Coming to Terms

Teasing apart the hairball of issues jumbled together in the school dress code issue and its news coverage.


Do you think I look like a hooker?

Wearing knee-high boots, a super short skirt, and a tight, low-cut top, the teenager on the verge of leaving the house for an evening with friends was, of course, deliberately provoking her mother, looking for a reaction to react against. A veteran of the home front, however, her mother missed not a beat as she glanced up from her book and replied calmly before returning to her reading.

No, dear, you look lovely. Just don’t stand around on any street corners.

It’s been 20 years since this cross-generational exchange, but some things never change. As a general rule, teenagers dress more revealingly, more provocatively, than older women. Even than women just slightly older.
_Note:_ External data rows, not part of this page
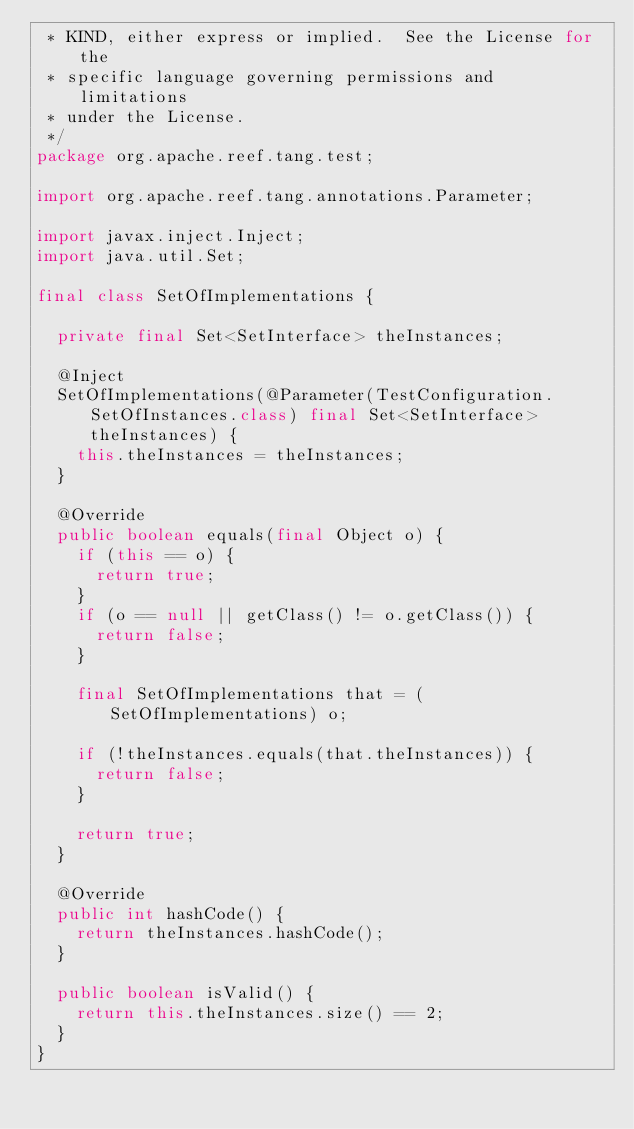Convert code to text. <code><loc_0><loc_0><loc_500><loc_500><_Java_> * KIND, either express or implied.  See the License for the
 * specific language governing permissions and limitations
 * under the License.
 */
package org.apache.reef.tang.test;

import org.apache.reef.tang.annotations.Parameter;

import javax.inject.Inject;
import java.util.Set;

final class SetOfImplementations {

  private final Set<SetInterface> theInstances;

  @Inject
  SetOfImplementations(@Parameter(TestConfiguration.SetOfInstances.class) final Set<SetInterface> theInstances) {
    this.theInstances = theInstances;
  }

  @Override
  public boolean equals(final Object o) {
    if (this == o) {
      return true;
    }
    if (o == null || getClass() != o.getClass()) {
      return false;
    }

    final SetOfImplementations that = (SetOfImplementations) o;

    if (!theInstances.equals(that.theInstances)) {
      return false;
    }

    return true;
  }

  @Override
  public int hashCode() {
    return theInstances.hashCode();
  }

  public boolean isValid() {
    return this.theInstances.size() == 2;
  }
}
</code>

Why? There are likely many reasons, but I suspect one is the novelty of being able to display their newly sexually mature bodies in a sexually attractive way.

But whatever the reason, some teenage girls have recently run afoul of school dress codes. The girls, and sometimes their parents, have cast the issue as being about rights — the girls’ right to dress comfortably in hot weather, or to express themselves freely, or not to be seen as sexual objects, or not to be molested. Excluding same-sex attraction from the conversation just for simplicity, let’s look at that jumble of ideas.

Within the limits of the laws on indecent exposure, do women of any age have a right to display themselves in public as they please, whether for physical comfort or psychic satisfaction? Yes.

Do they have the right not to be seen as sexual objects? No, because no one has a right to control what goes on in someone else’s head. Do they have the right not to be treated as sexual objects? Well, it might not be a right, exactly, but it would be nice.

Do they have the right to display themselves without being molested? Yes. There is no style of dress that causes, justifies, or excuses assault.

But in a civil society the conversation doesn’t end with rights, much less with the rights of just one party. In addition to vigilantly insisting on our own rights, we must also respect the rights of others. One school said that it was trying to remove distractions for male students and teachers.

Do male students have a right to attend school without being distracted by women? Do male teachers have a right to a work environment free of sexual distractions? No, because no one has a right to make what goes on between their ears someone else’s responsibility.

Maybe all this talk about rights isn’t like, you know, helpful. Let’s try another approach.

Dress is more than personal, it’s situational. Rights aside, most adults dress in part based on where they are: a beach, a downtown street, a concert hall, the backyard, a golf course, an office, a bar. They dress in part based on what they are doing: swimming or just beach-walking; performing on a stage or being an audience member; working as a professional golfer or as a caddie; playing a sport, watching a sport, or selling refreshments at a sporting event; working in the boiler room or at the reception desk.

Is there more variation now than 50 years ago in what is acceptable in any given place? Yes. Does the balance between personal and situational shift, depending on the situation? Yes. But do adults find a style of dress that works for most, most of the time? Yes, again. It’s just one part — and not a very big part, at that — of being a functioning member of our society.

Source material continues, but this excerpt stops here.